2) Early responsibility makes a good leader
Most people who were raised on a farm can probably relate to this one. At a young age, you are given freedom with responsibility. You babysit younger siblings and you are trusted to be home alone from early age. As most farm kids, I learned to drive a car in my early teens. This was quickly expanded to tractors and wheel loaders. I was, usually, aware of my responsibilities. I must admit, however, that I at an early age drove a Ford Transit up a very slippery hill at home. The car ended up sideways. My mom was not very happy about it.
I also had a summer job, in addition to the work on the farm, during my teens. Being a tourist guide in Grønligrotten was the first place of work for many of the youth in my valley. Things usually went well. However, with a bit of claustrophobia, I was not very happy when the tourists wanted to crawl around in the labyrinth. You just had to brace yourself. You were given a responsibility as a guide, and it had to be taken care of in the best possible way. The tourists had to be guided in a safe manner, in both Norwegian, English and German.
This experience is a big part of me. I feel a great responsibility for those close to me, my assignments and my deliverables. And I have a strong hand on the wheel, if the going gets tough.
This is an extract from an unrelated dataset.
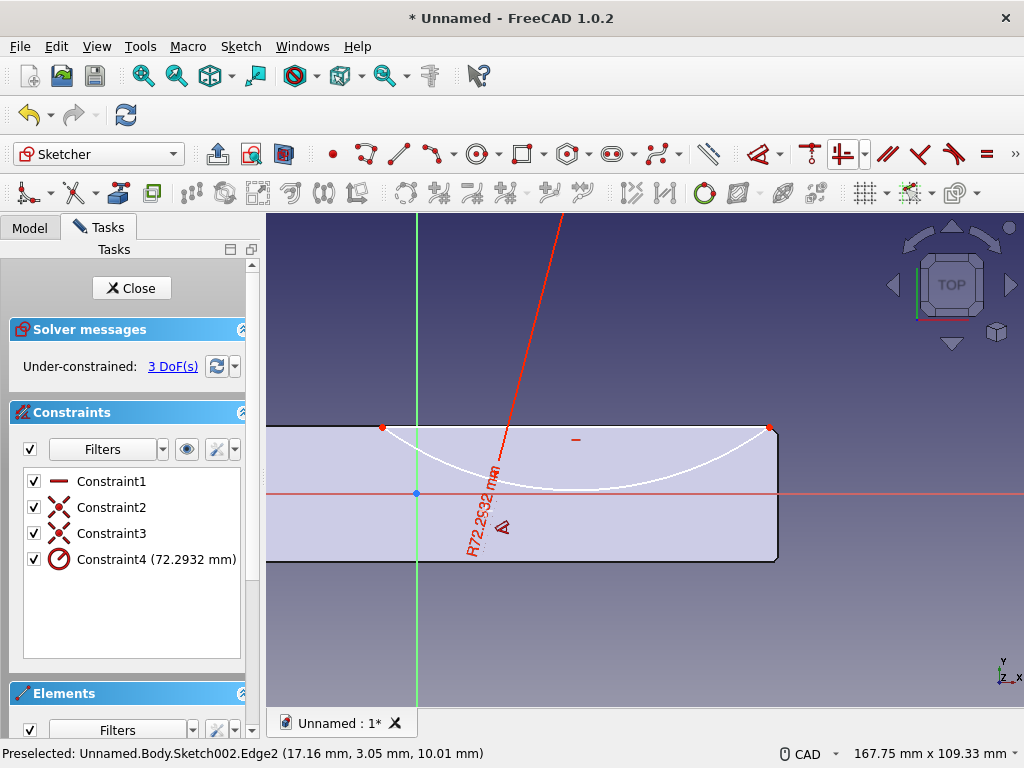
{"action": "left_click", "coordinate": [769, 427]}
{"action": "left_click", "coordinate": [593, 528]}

3) Good teamwork and safety is crucial!
A farm is a family business. Teamwork is absolutely crucial to keep things running. During lumbering work, my big sister handled the tractor and the winch. I ran with the wire around my waist up and down the hillsides. Dad handled the chainsaw. My little sister took care of the cut off branches. We rotated the tasks. We were not allowed to handle the chainsaw, and we quickly learned to be observant of which direction the trees fell.
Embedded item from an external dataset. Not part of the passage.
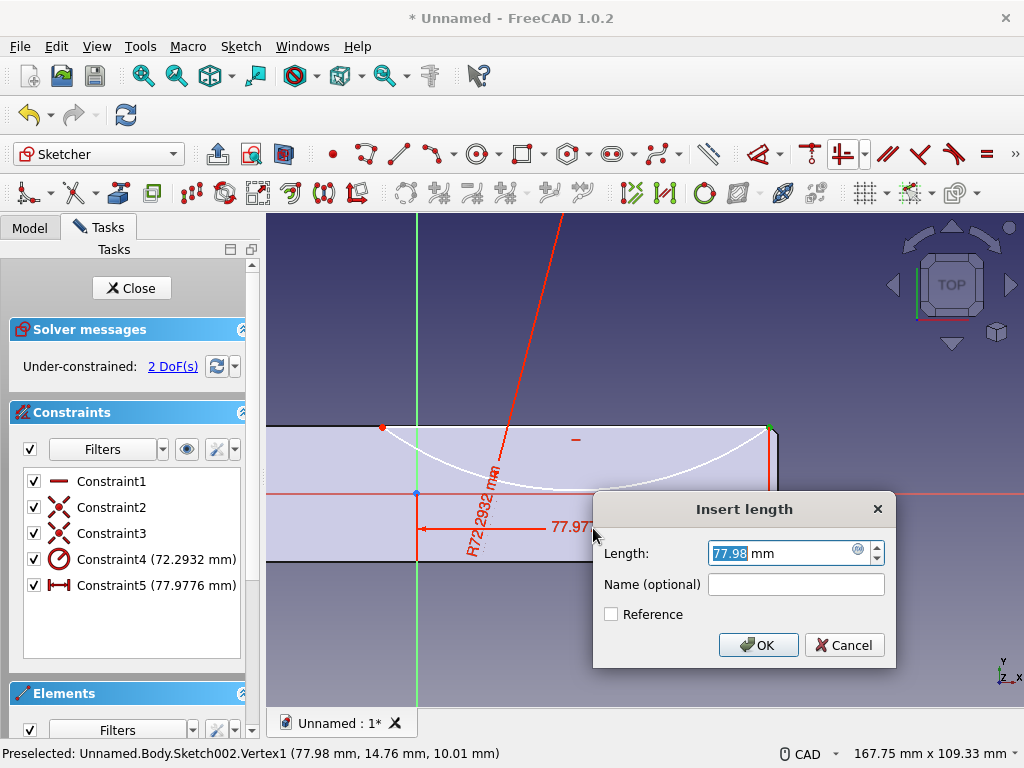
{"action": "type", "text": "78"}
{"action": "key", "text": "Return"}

In our spare time, the three sisters often went on small expeditions in the forest and mountains. Safety was a top priority. We had a thin nylon cord around the waist of the youngest when we hoisted her and our backpacks up steep cliffs.
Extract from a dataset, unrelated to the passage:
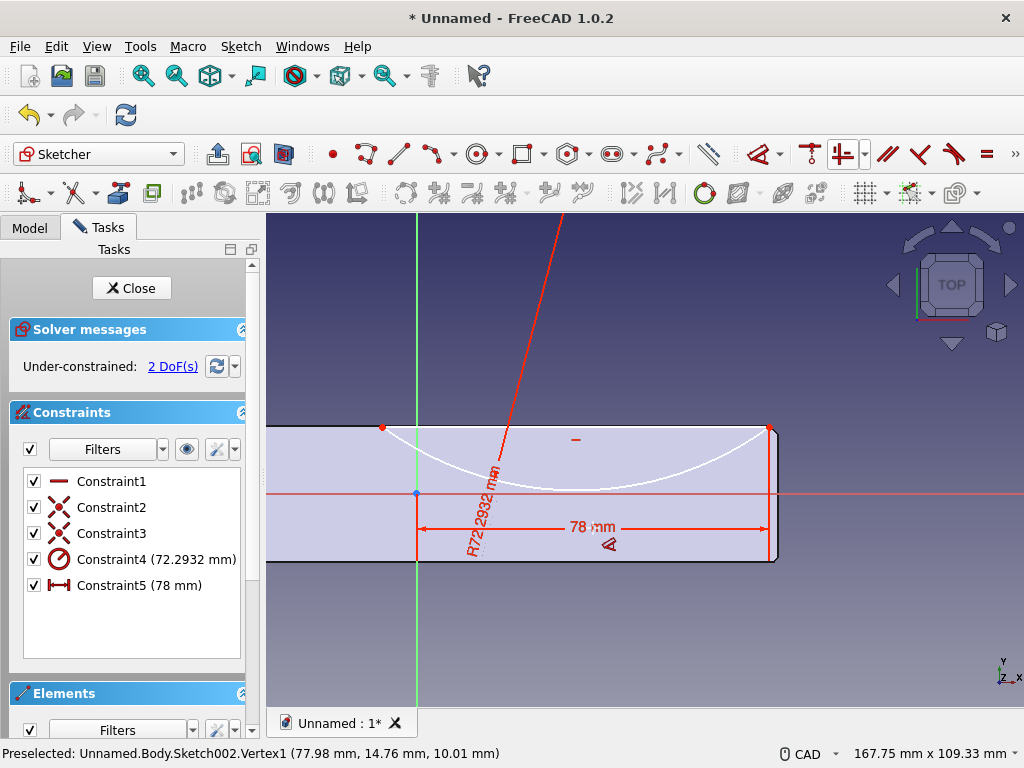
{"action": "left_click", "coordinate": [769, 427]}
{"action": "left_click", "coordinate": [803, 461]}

Teamwork, with clear roles and good cooperation, is crucial in the kinds of projects I usually lead. The same is true for quality assurance.
4) Harsh weather creates a strong survival instinct!
The weather can be harsh up north. Autumn storms often lead to electricity outage. It could last for a long time. Kerosene lamps and candles were always placed strategically around in the house. On the way to school, we would often meet “the king of the Norwegian forest” (aka the moose), but they did not scare us kids.
The winter was often very cold and snowy. For me, Christmas means 30 degrees Celsius below zero. Cars that froze, jumper cables and antifreeze are things that must be handled as a matter of course. The Christmas dress and hairstyle had to fit inside coveralls and woolen hats.
My head is still cool in situations that distress the plans that have been made. And I still love it when it snows sideways.
5) Respect for the Earth, fresh air and good health
If you live close to nature, you get good health! Research shows that children growing up on a farm (with livestock, though) have a lower chance of getting asthma and allergies. I did not have this advantage, since we had a potato farm! However, I did a lot of running around in the woods, bicycling and kicksledding. Our closest neighbor was two miles away, so I had to use my legs all the time, both during the summer and winter.
An active life is crucial for me to survive a busy life. Many people say that they do not have the energy to exercise. I believe exercise and hiking trips give you energy.
You are branded for life, and you are proud of it!
When looking back on the country life, I feel both positive and negative feelings. In sum, the positive side wins. I strike a blow for the rural side of Norway, any time! As time goes on, I realize more and more that those of us who have grown up on farms are lucky! I am proud of my roots in Røvassdalen and Rana. It gave me a start in life that have created a strong mentality, good work ethic and a love of nature.
What are your thoughts? What did you learn from the farm life? Does the rural side create people with good leader potential? Are you the sole heir of the farm, living in the city and feeling the pressure? Are you not moving back to your home village? Or are you dreaming of becoming a farmer?
Love from, Cecilia – the potato girl who went out in the world, but never forgot her roots!